→ Exercise directions: Match the string "offset" against each line below, and copy every line that matches.

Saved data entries
- - -

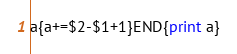<code> <loc_0><loc_0><loc_500><loc_500><_Awk_>a{a+=$2-$1+1}END{print a}</code> 
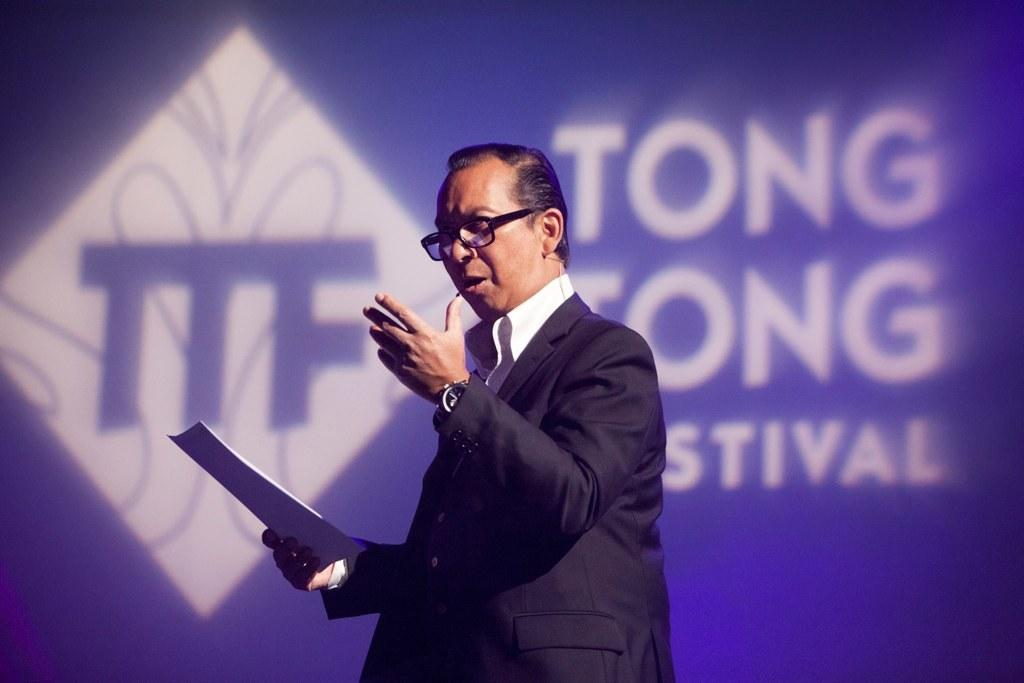What is the main subject of the image? The main subject of the image is a man. What is the man doing in the image? The man is standing in the image. What is the man holding in the image? The man is holding an object in the image. What type of eyewear is the man wearing? The man is wearing shades in the image. What can be seen in the background of the image? There is text or writing visible in the background of the image. What time is displayed on the clock in the image? There is no clock present in the image. What type of ring is the man wearing on his finger in the image? There is no ring visible on the man's finger in the image. 
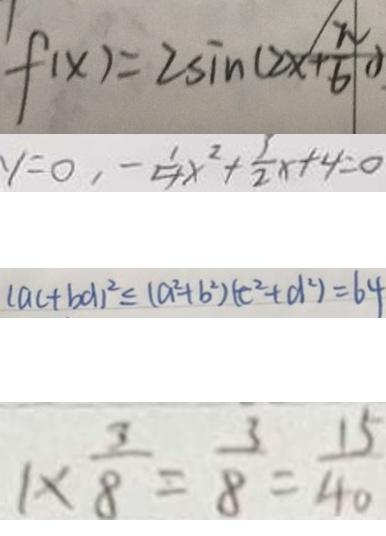<formula> <loc_0><loc_0><loc_500><loc_500>f ( x ) = 2 \sin ( 2 x + \frac { \pi } { 6 } ) 
 y = 0 , - \frac { 1 } { 4 } x ^ { 2 } + \frac { 3 } { 2 } x + 4 = 0 
 ( a c + b d ) ^ { 2 } \leq ( a ^ { 2 } + b ^ { 2 } ) ( c ^ { 2 } + d ^ { 2 } ) = 6 4 
 1 \times \frac { 3 } { 8 } = \frac { 3 } { 8 } = \frac { 1 5 } { 4 0 }</formula> 
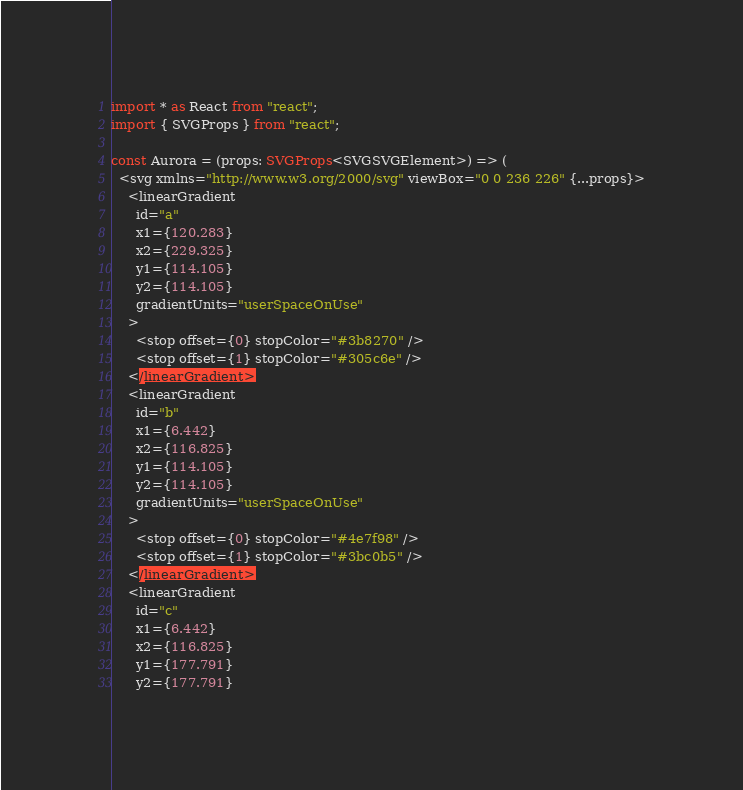Convert code to text. <code><loc_0><loc_0><loc_500><loc_500><_TypeScript_>import * as React from "react";
import { SVGProps } from "react";

const Aurora = (props: SVGProps<SVGSVGElement>) => (
  <svg xmlns="http://www.w3.org/2000/svg" viewBox="0 0 236 226" {...props}>
    <linearGradient
      id="a"
      x1={120.283}
      x2={229.325}
      y1={114.105}
      y2={114.105}
      gradientUnits="userSpaceOnUse"
    >
      <stop offset={0} stopColor="#3b8270" />
      <stop offset={1} stopColor="#305c6e" />
    </linearGradient>
    <linearGradient
      id="b"
      x1={6.442}
      x2={116.825}
      y1={114.105}
      y2={114.105}
      gradientUnits="userSpaceOnUse"
    >
      <stop offset={0} stopColor="#4e7f98" />
      <stop offset={1} stopColor="#3bc0b5" />
    </linearGradient>
    <linearGradient
      id="c"
      x1={6.442}
      x2={116.825}
      y1={177.791}
      y2={177.791}</code>

- - -

→ Written solution:
      <stop offset={0} stopColor="#3b8270" />
      <stop offset={1} stopColor="#305c6e" />
      <stop offset={0} stopColor="#4e7f98" />
      <stop offset={1} stopColor="#3bc0b5" />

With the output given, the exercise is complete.